WORK ORDER ▸ Leave out the pictures, and write out exactly the lines from the beginning of the material to the line holding "doc.units = ezdxf.units.MM", that line included, and nothing else.
-*-
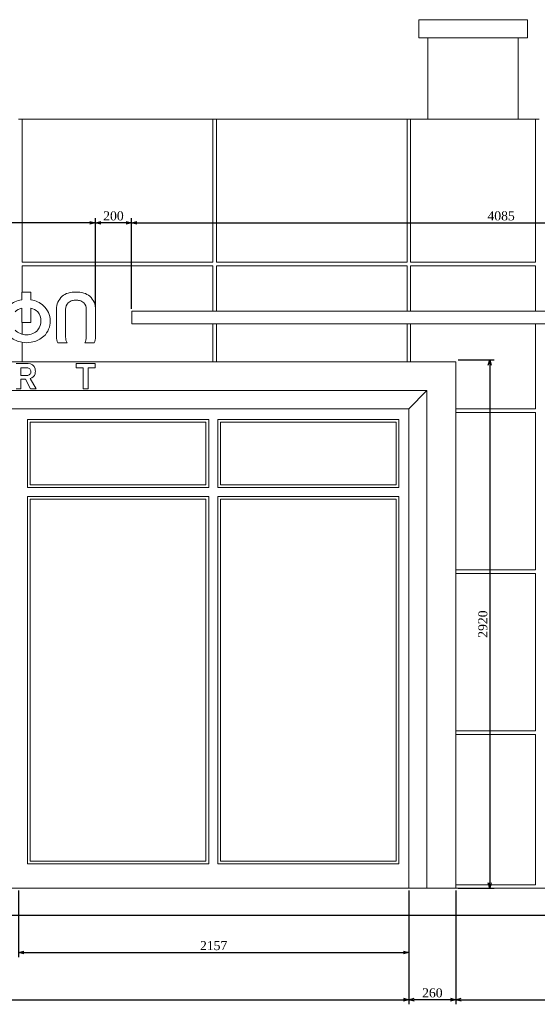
# Model space of a CAD drawing. Header units: millimetres. Extents: x -40905 to 78147, y -92581 to -42687.
# Tile 32 of 38: x 33254 to 36115, y -48128 to -42687. Entities that reach past the tile are written whole.
import ezdxf

# ---------------------------------------------------------------- set-up
doc = ezdxf.new("R2010")
doc.units = ezdxf.units.MM
doc.styles.get("Standard").update_dxf_attribs({"font": 'times.ttf'})
doc.dimstyles.new('ISO-25', dxfattribs={"dimscale": 50, "dimtxt": 2.5, "dimasz": 1.5, "dimexe": 1.25, "dimexo": 0.625, "dimtad": 1, "dimdec": 0, "dimtxsty": 'Standard', "dimblk": 'OPEN30', "dimcen": 2.5, "dimadec": 0, "dimazin": 0, "dimtfac": 1, "dimtdec": 0, "dimtmove": 0, "dimatfit": 3, "dimldrblk": 'OPEN30', "dimfxl": 1, "dimarcsym": 0})

# ---------------------------------------------------------------- blocks, each defined once
blk = doc.blocks.new('A$C58DC4B83')
at = {"color": 0, "linetype": 'Continuous', "lineweight": 0, "extrusion": (0, 1, 0)}
for p, q in [((-19766.6, -19834.3), (-19766.6, -19734.3)), ((-19166.6, -19734.3), (-19766.6, -19734.3)), ((-19166.6, -19834.3), (-19166.6, -19734.3)), ((-19766.6, -19834.3), (-19166.6, -19834.3)), ((-19716.6, -20284.3), (-19716.6, -19834.3)), ((-19216.6, -20284.3), (-19216.6, -19834.3)), ((-21979.1, -20284.3), (-21959.1, -20284.3)), ((-21959.1, -20284.3), (-20905.3, -20284.3)), ((-21959.1, -20284.3), (-21959.1, -21074.3)), ((-20905.3, -20284.3), (-20885.3, -20284.3)), ((-20905.3, -21074.3), (-20905.3, -20284.3)), ((-20885.3, -20284.3), (-19831.6, -20284.3)), ((-20885.3, -20284.3), (-20885.3, -21074.3)), ((-19831.6, -20284.3), (-19811.6, -20284.3)), ((-19831.6, -21074.3), (-19831.6, -20284.3)), ((-19811.6, -20284.3), (-19121.6, -20284.3)), ((-19811.6, -20284.3), (-19811.6, -21074.3)), ((-19121.6, -20284.3), (-19101.6, -20284.3)), ((-19121.6, -20284.3), (-19121.6, -21074.3)), ((-21959.1, -21074.3), (-20905.3, -21074.3)), ((-21959.1, -21094.3), (-21959.1, -21239.3)), ((-20905.3, -21094.3), (-21959.1, -21094.3)), ((-20905.3, -21345.1), (-20905.3, -21094.3)), ((-20885.3, -21074.3), (-19831.6, -21074.3)), ((-20885.3, -21094.3), (-20885.3, -21345.1)), ((-19831.6, -21094.3), (-20885.3, -21094.3)), ((-19831.6, -21345.1), (-19831.6, -21094.3)), ((-19811.6, -21074.3), (-19121.6, -21074.3)), ((-19811.6, -21094.3), (-19811.6, -21345.1)), ((-19121.6, -21094.3), (-19811.6, -21094.3)), ((-19121.6, -21094.3), (-19121.6, -21345.1)), ((-21961.1, -21239.3), (-21961.1, -21282.3)), ((-21910, -21239.3), (-21961.1, -21239.3)), ((-21910, -21282.3), (-21910, -21239.3)), ((-21961.1, -21328.6), (-21961.1, -21408.3)), ((-21910, -21408.3), (-21910, -21328.9)), ((-21769.3, -21334.3), (-21769.3, -21487.8)), ((-21718.2, -21488.7), (-21718.2, -21334.3)), ((-21604.2, -21334.3), (-21604.2, -21488.7)), ((-21553, -21487.8), (-21553, -21334.3)), ((-17269.3, -21345.1), (-21353, -21345.1)), ((-21353, -21415.1), (-21353, -21345.1)), ((-21961.1, -21408.3), (-21910, -21408.3)), ((-21959.1, -21408.3), (-21959.1, -21472.4)), ((-21353, -21415.1), (-17269.3, -21415.1)), ((-20905.3, -21624.3), (-20905.3, -21415.1)), ((-20885.3, -21415.1), (-20885.3, -21624.3)), ((-19831.6, -21624.3), (-19831.6, -21415.1)), ((-19811.6, -21415.1), (-19811.6, -21624.3)), ((-19121.6, -21415.1), (-19121.6, -21884.3)), ((-21959.1, -21517.2), (-21959.1, -21624.3)), ((-21761.4, -21519.3), (-21710.3, -21519.3)), ((-21612.1, -21519.3), (-21561, -21519.3)), ((-19561.6, -21624.3), (-25796.6, -21624.3)), ((-21924.8, -21634.3), (-21991.5, -21634.3)), ((-21660.5, -21634.3), (-21660.5, -21658.2)), ((-21555.3, -21634.3), (-21660.5, -21634.3)), ((-21555.3, -21658.2), (-21555.3, -21634.3)), ((-19561.6, -21624.3), (-19561.6, -24534.3)), ((-21965.3, -21700.6), (-21965.3, -21658.2)), ((-21660.5, -21658.2), (-21621.6, -21658.2)), ((-21621.6, -21658.2), (-21621.6, -21774.3)), ((-21594.2, -21774.3), (-21594.2, -21658.2)), ((-21594.2, -21658.2), (-21555.3, -21658.2)), ((-21965.3, -21774.3), (-21965.3, -21720.2)), ((-21965.3, -21720.2), (-21940.1, -21720.2)), ((-21940.1, -21720.2), (-21912.1, -21774.3)), ((-21881.6, -21774.3), (-21913.7, -21717.7)), ((-19721.6, -21784.3), (-25636.6, -21784.3)), ((-21991.5, -21774.3), (-21965.3, -21774.3)), ((-21912.1, -21774.3), (-21881.6, -21774.3)), ((-21621.6, -21774.3), (-21594.2, -21774.3)), ((-19821.6, -21884.3), (-19721.6, -21784.3)), ((-19721.6, -24534.3), (-19721.6, -21784.3)), ((-19821.6, -21884.3), (-25536.6, -21884.3)), ((-20885.3, -21884.3), (-19831.6, -21884.3)), ((-19821.6, -24534.3), (-19821.6, -21884.3)), ((-19561.6, -21884.3), (-19121.6, -21884.3)), ((-19121.6, -21904.3), (-19561.6, -21904.3)), ((-19121.6, -21904.3), (-19121.6, -22774.3)), ((-21929.1, -21944.3), (-21929.1, -22319.3)), ((-20927.8, -21944.3), (-21929.1, -21944.3)), ((-21914.1, -22304.3), (-21914.1, -21959.3)), ((-21914.1, -21959.3), (-20942.8, -21959.3)), ((-20942.8, -22304.3), (-20942.8, -21959.3)), ((-20927.8, -22319.3), (-20927.8, -21944.3)), ((-20877.8, -22319.3), (-20877.8, -21944.3)), ((-19876.6, -21944.3), (-20877.8, -21944.3)), ((-20862.8, -22304.3), (-20862.8, -21959.3)), ((-20862.8, -21959.3), (-19891.6, -21959.3)), ((-19891.6, -22304.3), (-19891.6, -21959.3)), ((-19876.6, -22319.3), (-19876.6, -21944.3)), ((-20942.8, -22304.3), (-21914.1, -22304.3)), ((-19891.6, -22304.3), (-20862.8, -22304.3)), ((-21929.1, -22319.3), (-20927.8, -22319.3)), ((-20877.8, -22319.3), (-19876.6, -22319.3)), ((-21929.1, -22369.3), (-21929.1, -24399.3)), ((-20927.8, -22369.3), (-21929.1, -22369.3)), ((-21914.1, -24384.3), (-21914.1, -22384.3)), ((-21914.1, -22384.3), (-20942.8, -22384.3)), ((-20942.8, -24384.3), (-20942.8, -22384.3)), ((-20927.8, -24399.3), (-20927.8, -22369.3)), ((-20877.8, -24399.3), (-20877.8, -22369.3)), ((-19876.6, -22369.3), (-20877.8, -22369.3)), ((-20862.8, -24384.3), (-20862.8, -22384.3)), ((-20862.8, -22384.3), (-19891.6, -22384.3)), ((-19891.6, -24384.3), (-19891.6, -22384.3)), ((-19876.6, -24399.3), (-19876.6, -22369.3)), ((-19561.6, -22774.3), (-19121.6, -22774.3)), ((-19121.6, -22794.3), (-19561.6, -22794.3)), ((-19121.6, -22794.3), (-19121.6, -23664.3)), ((-19561.6, -23664.3), (-19121.6, -23664.3)), ((-19121.6, -23684.3), (-19561.6, -23684.3)), ((-19121.6, -23684.3), (-19121.6, -24514.3)), ((-21929.1, -24399.3), (-20927.8, -24399.3)), ((-20942.8, -24384.3), (-21914.1, -24384.3)), ((-20877.8, -24399.3), (-19876.6, -24399.3)), ((-19891.6, -24384.3), (-20862.8, -24384.3)), ((-25831.6, -24534.3), (-13041.6, -24534.3)), ((-19561.6, -24514.3), (-19121.6, -24514.3))]:
    blk.add_line(p, q, dxfattribs=at)
at = {"color": 0, "linetype": 'Continuous', "lineweight": 30, "extrusion": (0, 1, 0)}
blk.add_line((-7761.7, -24684.3), (-31111.4, -24684.3), dxfattribs=at)
at = {"color": 0, "linetype": 'Continuous', "lineweight": 0}
for centre, radius, start, end in [((-21675.7, -21333.1), 93.6, 131.4001, 180.7368), ((-21678.7, -21331.7), 90.7, 106.5035, 130.5704), ((-21661.5, -21411.6), 172.3, 89.8815, 104.4166), ((-21660.8, -21411.6), 172.3, 75.5834, 90.1185), ((-21643.7, -21331.7), 90.7, 49.4296, 73.4965), ((-21646.6, -21333.1), 93.6, 359.2632, 48.5999), ((-21949, -21397.5), 115.8, 95.9983, 134.3667), ((-21927.4, -21408.8), 127.6, 47.4812, 82.1579), ((-21919.8, -21400.5), 116.4, 314.3667, 47.4812), ((-21934.2, -21372.7), 146.6, 229.2132, 310.7868), ((-21693.9, -21485.6), 75.4, 181.6323, 206.5631), ((-21628.4, -21485.6), 75.4, 333.4369, 358.3677), ((-21924.8, -21672.9), 38.5, 14.3807, 90), ((-21922.7, -21682.5), 36.3, 284.3807, 345.6193), ((-21942.5, -21677.4), 56.8, 345.6193, 14.3807)]:
    blk.add_arc(centre, radius, start, end, dxfattribs=at)
at = {"color": 0, "linetype": 'Continuous', "lineweight": 0, "extrusion": (0, 0, -1)}
for centre, radius, start, end in [((21951, -21390.5), 62.7, 41.6147, 80.688), ((21669.6, -21332.8), 48.6, 358.3168, 43.6773), ((21671.1, -21333.5), 48, 45.4377, 78.2024), ((21662, -21385.3), 100.7, 79.19, 90.4648), ((21660.4, -21385.3), 100.7, 89.5352, 100.81), ((21651.3, -21333.5), 48, 101.7976, 134.5623), ((21652.8, -21332.8), 48.6, 136.3227, 181.6832), ((21927.4, -21408.8), 81.8, 102.3003, 132.5188), ((21929.9, -21396.4), 75, 140.3685, 181.598), ((21935.7, -21400.1), 80.8, 178.8225, 217.1405), ((21936.4, -21391.8), 83.7, 268.4838, 316.6882), ((21934.1, -21388.1), 87.3, 224.0758, 270.0795), ((21655, -21488.7), 63.3, 330.9965, 0.0133), ((21667.4, -21488.7), 63.3, 179.9867, 209.0035)]:
    blk.add_arc(centre, radius, start, end, dxfattribs=at)
at = {"color": 0, "linetype": 'Continuous', "lineweight": 0}
blk.add_open_spline([(-21965.3, -21658.2), (-21954.3, -21658.2), (-21943.2, -21658.2), (-21931.1, -21658.2), (-21930.9, -21658.2), (-21928.1, -21658.3), (-21925.5, -21658.8), (-21920.5, -21660.9), (-21918.3, -21662.4), (-21914.3, -21666.3), (-21912.7, -21668.7), (-21910.6, -21673.9), (-21910, -21676.6), (-21910, -21682), (-21910.5, -21684.6), (-21912.4, -21689.6), (-21913.9, -21691.9), (-21917.7, -21696), (-21920, -21697.6), (-21925.2, -21699.9), (-21927.9, -21700.5), (-21931, -21700.6), (-21931.1, -21700.6), (-21932.9, -21700.6), (-21933.7, -21700.6), (-21939, -21700.6), (-21943.6, -21700.6), (-21954, -21700.6), (-21959.6, -21700.6), (-21965.3, -21700.6)], degree=3, knots=[-397.963333, -397.963333, -397.963333, -397.963333, -358.311348, -358.311348, -354.707832, -354.707832, -316.61943, -316.61943, -277.114204, -277.114204, -236.021035, -236.021035, -195.427633, -195.427633, -157.419464, -157.419464, -118.000182, -118.000182, -77.007448, -77.007448, -36.406304, -36.406304, -33.100889, -33.100889, -30.966778, -30.966778, -17.072889, -17.072889, 0, 0, 0, 0], dxfattribs=at)
blk = doc.blocks.new('_Open30')
at = {"color": 0, "linetype": 'ByBlock', "lineweight": -2}
for p, q in [((-1, 0.27), (0, 0)), ((0, 0), (-1, -0.27)), ((0, 0), (-1, 0))]:
    blk.add_line(p, q, dxfattribs=at)
blk = doc.blocks.new('*D198')
at = {"color": 0, "lineweight": -2, "transparency": 16777216}
for p, q in [((29689.5, -47499.1), (29689.5, -48127.6)), ((35404.5, -47499.1), (35404.5, -48127.6)), ((29719.5, -48102.6), (35374.5, -48102.6))]:
    blk.add_line(p, q, dxfattribs=at)
at = {"layer": 'Defpoints', "color": 0, "lineweight": 5, "transparency": 16777216}
for p in [(29689.5, -47486.6), (35404.5, -47486.6), (35404.5, -48102.6)]:
    blk.add_point(p, dxfattribs=at)
at = {"color": 0, "lineweight": -2, "transparency": 16777216, "xscale": 30, "yscale": 30, "zscale": 30, "rotation": 180}
blk.add_blockref('_Open30', (29689.5, -48102.6), dxfattribs=at)
at = {"color": 0, "lineweight": -2, "transparency": 16777216, "xscale": 30, "yscale": 30, "zscale": 30}
blk.add_blockref('_Open30', (35404.5, -48102.6), dxfattribs=at)
at = {"color": 0, "lineweight": 5, "transparency": 16777216, "insert": (32547, -48064.6), "char_height": 50, "attachment_point": 5}
blk.add_mtext('5715', dxfattribs=at)
blk = doc.blocks.new('*D199')
at = {"color": 0, "lineweight": -2, "transparency": 16777216}
for p, q in [((35664.5, -47499.1), (35664.5, -48127.6)), ((36814.5, -47499.1), (36814.5, -48127.6)), ((35694.5, -48102.6), (36784.5, -48102.6))]:
    blk.add_line(p, q, dxfattribs=at)
at = {"layer": 'Defpoints', "color": 0, "lineweight": 5, "transparency": 16777216}
for p in [(35664.5, -47486.6), (36814.5, -47486.6), (36814.5, -48102.6)]:
    blk.add_point(p, dxfattribs=at)
at = {"color": 0, "lineweight": -2, "transparency": 16777216, "xscale": 30, "yscale": 30, "zscale": 30, "rotation": 180}
blk.add_blockref('_Open30', (35664.5, -48102.6), dxfattribs=at)
at = {"color": 0, "lineweight": -2, "transparency": 16777216, "xscale": 30, "yscale": 30, "zscale": 30}
blk.add_blockref('_Open30', (36814.5, -48102.6), dxfattribs=at)
at = {"color": 0, "lineweight": 5, "transparency": 16777216, "insert": (36239.5, -48064.7), "char_height": 50, "attachment_point": 5}
blk.add_mtext('1150', dxfattribs=at)
blk = doc.blocks.new('*D200')
at = {"color": 0, "lineweight": -2, "transparency": 16777216}
for p, q in [((35404.5, -47499.1), (35404.5, -48127.6)), ((35664.5, -47499.1), (35664.5, -48127.6)), ((35634.5, -48102.6), (35434.5, -48102.6))]:
    blk.add_line(p, q, dxfattribs=at)
at = {"layer": 'Defpoints', "color": 0, "lineweight": 5, "transparency": 16777216}
for p in [(35404.5, -47486.6), (35664.5, -47486.6), (35404.5, -48102.6)]:
    blk.add_point(p, dxfattribs=at)
at = {"color": 0, "lineweight": -2, "transparency": 16777216, "xscale": 30, "yscale": 30, "zscale": 30, "rotation": 180}
blk.add_blockref('_Open30', (35404.5, -48102.6), dxfattribs=at)
at = {"color": 0, "lineweight": -2, "transparency": 16777216, "xscale": 30, "yscale": 30, "zscale": 30}
blk.add_blockref('_Open30', (35664.5, -48102.6), dxfattribs=at)
at = {"color": 0, "lineweight": 5, "transparency": 16777216, "insert": (35534.5, -48064.7), "char_height": 50, "attachment_point": 5}
blk.add_mtext('260', dxfattribs=at)
blk = doc.blocks.new('*D207')
at = {"color": 0, "lineweight": -2, "transparency": 16777216}
for p, q in [((33872.1, -44284.9), (33872.1, -43784)), ((37956.8, -44284.9), (37956.8, -43784)), ((33902.1, -43809), (37926.8, -43809))]:
    blk.add_line(p, q, dxfattribs=at)
at = {"layer": 'Defpoints', "color": 0, "lineweight": 5, "transparency": 16777216}
for p in [(37956.8, -43809), (33872.1, -44297.4), (37956.8, -44297.4)]:
    blk.add_point(p, dxfattribs=at)
at = {"color": 0, "lineweight": -2, "transparency": 16777216, "xscale": 30, "yscale": 30, "zscale": 30, "rotation": 180}
blk.add_blockref('_Open30', (33872.1, -43809), dxfattribs=at)
at = {"color": 0, "lineweight": -2, "transparency": 16777216, "xscale": 30, "yscale": 30, "zscale": 30}
blk.add_blockref('_Open30', (37956.8, -43809), dxfattribs=at)
at = {"color": 0, "lineweight": 5, "transparency": 16777216, "insert": (35914.5, -43771.1), "char_height": 50, "attachment_point": 5}
blk.add_mtext('4085', dxfattribs=at)
blk = doc.blocks.new('*D208')
at = {"color": 0, "lineweight": -2, "transparency": 16777216}
for p, q in [((33672.1, -44274.1), (33672.1, -43784)), ((33872.1, -44284.9), (33872.1, -43784)), ((33842.1, -43809), (33702.1, -43809))]:
    blk.add_line(p, q, dxfattribs=at)
at = {"layer": 'Defpoints', "color": 0, "lineweight": 5, "transparency": 16777216}
for p in [(33672.1, -43809), (33672.1, -44286.6), (33872.1, -44297.4)]:
    blk.add_point(p, dxfattribs=at)
at = {"color": 0, "lineweight": -2, "transparency": 16777216, "xscale": 30, "yscale": 30, "zscale": 30, "rotation": 180}
blk.add_blockref('_Open30', (33672.1, -43809), dxfattribs=at)
at = {"color": 0, "lineweight": -2, "transparency": 16777216, "xscale": 30, "yscale": 30, "zscale": 30}
blk.add_blockref('_Open30', (33872.1, -43809), dxfattribs=at)
at = {"color": 0, "lineweight": 5, "transparency": 16777216, "insert": (33772.1, -43771.1), "char_height": 50, "attachment_point": 5}
blk.add_mtext('200', dxfattribs=at)
blk = doc.blocks.new('*D215')
at = {"color": 0, "lineweight": -2, "transparency": 16777216}
for p, q in [((33247, -47499.1), (33247, -47866.5)), ((35404.5, -47499.1), (35404.5, -47866.5)), ((33277, -47841.5), (35374.5, -47841.5))]:
    blk.add_line(p, q, dxfattribs=at)
at = {"layer": 'Defpoints', "color": 0, "lineweight": 5, "transparency": 16777216}
for p in [(33247, -47486.6), (35404.5, -47486.6), (35404.5, -47841.5)]:
    blk.add_point(p, dxfattribs=at)
at = {"color": 0, "lineweight": -2, "transparency": 16777216, "xscale": 30, "yscale": 30, "zscale": 30, "rotation": 180}
blk.add_blockref('_Open30', (33247, -47841.5), dxfattribs=at)
at = {"color": 0, "lineweight": -2, "transparency": 16777216, "xscale": 30, "yscale": 30, "zscale": 30}
blk.add_blockref('_Open30', (35404.5, -47841.5), dxfattribs=at)
at = {"color": 0, "lineweight": 5, "transparency": 16777216, "insert": (34325.8, -47803.5), "char_height": 50, "attachment_point": 5}
blk.add_mtext('2157', dxfattribs=at)
blk = doc.blocks.new('*D228')
at = {"color": 0, "lineweight": -2, "transparency": 16777216}
for p, q in [((35677, -44566.6), (35876.6, -44566.6)), ((35851.6, -44596.6), (35851.6, -47456.6)), ((35677, -47486.6), (35876.6, -47486.6))]:
    blk.add_line(p, q, dxfattribs=at)
at = {"layer": 'Defpoints', "color": 0, "lineweight": 5, "transparency": 16777216}
for p in [(35664.5, -44566.6), (35664.5, -47486.6), (35851.6, -47486.6)]:
    blk.add_point(p, dxfattribs=at)
at = {"color": 0, "lineweight": -2, "transparency": 16777216, "xscale": 30, "yscale": 30, "zscale": 30}
for p, rotation in [((35851.6, -44566.6), 90), ((35851.6, -47486.6), 270)]:
    blk.add_blockref('_Open30', p, dxfattribs=dict(at, rotation=rotation))
at = {"color": 0, "lineweight": 5, "transparency": 16777216, "insert": (35813.6, -46026.6), "char_height": 50, "attachment_point": 5, "rotation": 90}
blk.add_mtext('2920', dxfattribs=at)
blk = doc.blocks.new('*D230')
at = {"color": 0, "lineweight": -2, "transparency": 16777216}
for p, q in [((31421.7, -44267.9), (31421.7, -43784)), ((33672.1, -44274.1), (33672.1, -43784)), ((33642.1, -43809), (31451.7, -43809))]:
    blk.add_line(p, q, dxfattribs=at)
at = {"layer": 'Defpoints', "color": 0, "lineweight": 5, "transparency": 16777216}
for p in [(31421.7, -43809), (31421.7, -44280.4, -2612.8), (33672.1, -44286.6, -2612.8)]:
    blk.add_point(p, dxfattribs=at)
at = {"color": 0, "lineweight": -2, "transparency": 16777216, "xscale": 30, "yscale": 30, "zscale": 30, "rotation": 180}
blk.add_blockref('_Open30', (31421.7, -43809), dxfattribs=at)
at = {"color": 0, "lineweight": -2, "transparency": 16777216, "xscale": 30, "yscale": 30, "zscale": 30}
blk.add_blockref('_Open30', (33672.1, -43809), dxfattribs=at)
at = {"color": 0, "lineweight": 5, "transparency": 16777216, "insert": (32546.9, -43771.1), "char_height": 50, "attachment_point": 5}
blk.add_mtext('2250', dxfattribs=at)

msp = doc.modelspace()

# ---------------------------------------------------------------- block references
at = {"lineweight": 5}
msp.add_blockref('A$C58DC4B83', (55226.1, -22952.3, -2612.8), dxfattribs=at)

# ---------------------------------------------------------------- dimensions: what is measured, and where the dimension line sits
at = {"color": 1, "lineweight": 5}
for base, p1, p2, picture, middle in [((31421.7, -43809), (33672.1, -44286.6, -2612.8), (31421.7, -44280.4, -2612.8), '*D230', (32546.9, -43771.1)), ((33672.1, -43809, -2612.8), (33872.1, -44297.4, -2612.8), (33672.1, -44286.6, -2612.8), '*D208', (33772.1, -43771.1, -2612.8)), ((37956.8, -43809, -2612.8), (33872.1, -44297.4, -2612.8), (37956.8, -44297.4, -2612.8), '*D207', (35914.5, -43771.1, -2612.8)), ((35404.5, -48102.6, -2612.8), (29689.5, -47486.6, -2612.8), (35404.5, -47486.6, -2612.8), '*D198', (32547, -48064.6, -2612.8)), ((35404.53877, -47841.49285, -2612.77531), (33247.03878, -47486.63051, -2612.77531), (35404.53877, -47486.63051, -2612.77531), '*D215', (34325.78877, -47803.48816, -2612.77531)), ((35404.5, -48102.6, -2612.8), (35664.5, -47486.6, -2612.8), (35404.5, -47486.6, -2612.8), '*D200', (35534.5, -48064.7, -2612.8)), ((36814.5, -48102.6, -2612.8), (35664.5, -47486.6, -2612.8), (36814.5, -47486.6, -2612.8), '*D199', (36239.5, -48064.7, -2612.8))]:
    dim = msp.add_linear_dim(base=base, p1=p1, p2=p2, dimstyle='ISO-25', override={"dimscale": 20, "dimtmove": 1}, dxfattribs=at)
    dim.commit()
    dim.dimension.update_dxf_attribs({"geometry": picture, "text_midpoint": middle})
dim = msp.add_linear_dim(base=(35851.6, -47486.6, -2612.8), p1=(35664.5, -44566.6, -2612.8), p2=(35664.5, -47486.6, -2612.8), angle=90, dimstyle='ISO-25', override={"dimscale": 20, "dimtmove": 1}, dxfattribs=at)
dim.commit()
dim.dimension.update_dxf_attribs({"geometry": '*D228', "text_midpoint": (35813.6, -46026.6, -2612.8)})

doc.saveas('drawing.dxf')
-*-
WRITTEN ANSWER ▸
# Model space of a CAD drawing. Header units: millimetres. Extents: x -40905 to 78147, y -92581 to -42687.
# Tile 32 of 38: x 33254 to 36115, y -48128 to -42687. Entities that reach past the tile are written whole.
import ezdxf

# ---------------------------------------------------------------- set-up
doc = ezdxf.new("R2010")
doc.units = ezdxf.units.MM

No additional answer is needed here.